Io e Marilyn
 
 
 
 
di Leonardo Pieraccioni
con Rocco Papaleo, Francesco Guccini, Massimo Ceccherini, Biagio Izzo, Leonardo Pieraccioni
 
 
   
Leonardo Pieraccioni, si sa, non è più un ragazzo; l’atteggiamento da eterno sbarbato, un po’ farfallone e sognatore, che insegue chimere e belle donne evidentemente gli va un po’ stretto. Io e Marilyn è il suo tentativo di svincolarsi da questo stereotipo ormai consunto. Questa premessa è doverosa, perché se qualcuno si aspetta il solito tripudio di gag e situazioni spassose, tipiche del cinema di Pieraccioni, potrebbe rimanere deluso. A dir la verità, il film è comunque divertente; protagonisti simpatici, azzeccati, esilaranti (su tutti l’accoppiata Laurenti-Ceccherini ed il mitico Papaleo), qualche scena da ridarola pura (la cena romantica), altri personaggi di contorno tutti da scoprire (la caserma di carabinieri è un autentico luogo di perdizione).

L’ingrediente in più rispetto al passato è rappresentato dal personaggio di Marilyn (la bellissima e maldoppiata Suzie Kennedy), autentico emblema del mondo perduto che noi uomini vorremmo far tornare sulla Terra. Marilyn Monroe viene infatti evocata durante una seduta spiritica dal buon Gualtiero (Leonardo Pieraccioni), un brav’uomo lasciato dalla moglie, spiritoso e malinconico, con una figlia da crescere in mezzo alle difficoltà della vita quotidiana; il nuovo compagno della sua ex moglie tra l’altro, uno spaccone di prima categoria di nome Pasquale (Biagio Izzo), non rende semplice la convivenza della "famiglia allargata". L’apparizione di Marilyn sembra poter dare un equilibrio, paradossalmente, all'esistenza un po’ turbata di Gualtiero: non prima, certo, di averne causato sconquassi e tremendi guai. Dal sospetto di essere diventato pazzo quindi, il mite protagonista passerà alla certezza di aver vissuto un’esperienza memorabile.

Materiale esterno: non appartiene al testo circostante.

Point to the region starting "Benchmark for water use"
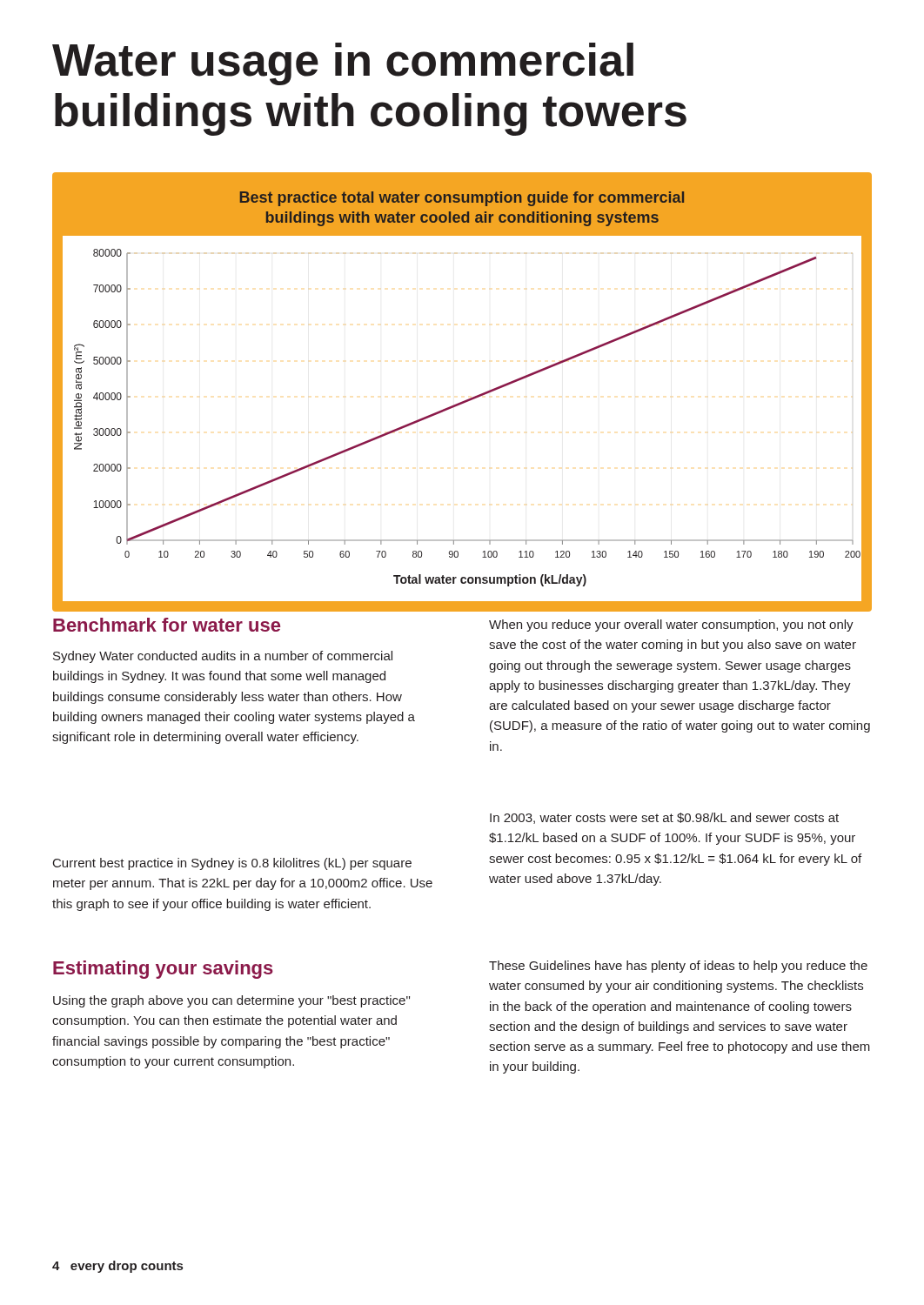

Il nocciolo della questione è che se stiamo bene con noi stessi, anche chi ci sta intorno ne trae beneficio. Ma è tutto qui? Non esattamente, perché la figura di Marilyn è portatrice, oltre che di ottimi consigli, di un messaggio più ampio, più profondo, decisamente più intimo: l’attrice più famosa della storia del cinema rappresenta tutte quelle persone alle quali, ogni giorno, dedichiamo un pensiero, una preghiera, un momento di riflessione. Ci sarebbe da discutere per ore sul finale del film, che lo stesso Pieraccioni ha ammesso di aver cambiato in corso d’opera; ma questo va necessariamente fatto dopo la visione del film, è chiaro. Godetevi questa pellicola così lontana dai soliti cinepanettoni: non vi farà sbellicare dalle risate, ma lascerà un piccolo segno. Anche se il Pieraccioni farfallone continua a farsi preferire. (Carlo Stocchetti)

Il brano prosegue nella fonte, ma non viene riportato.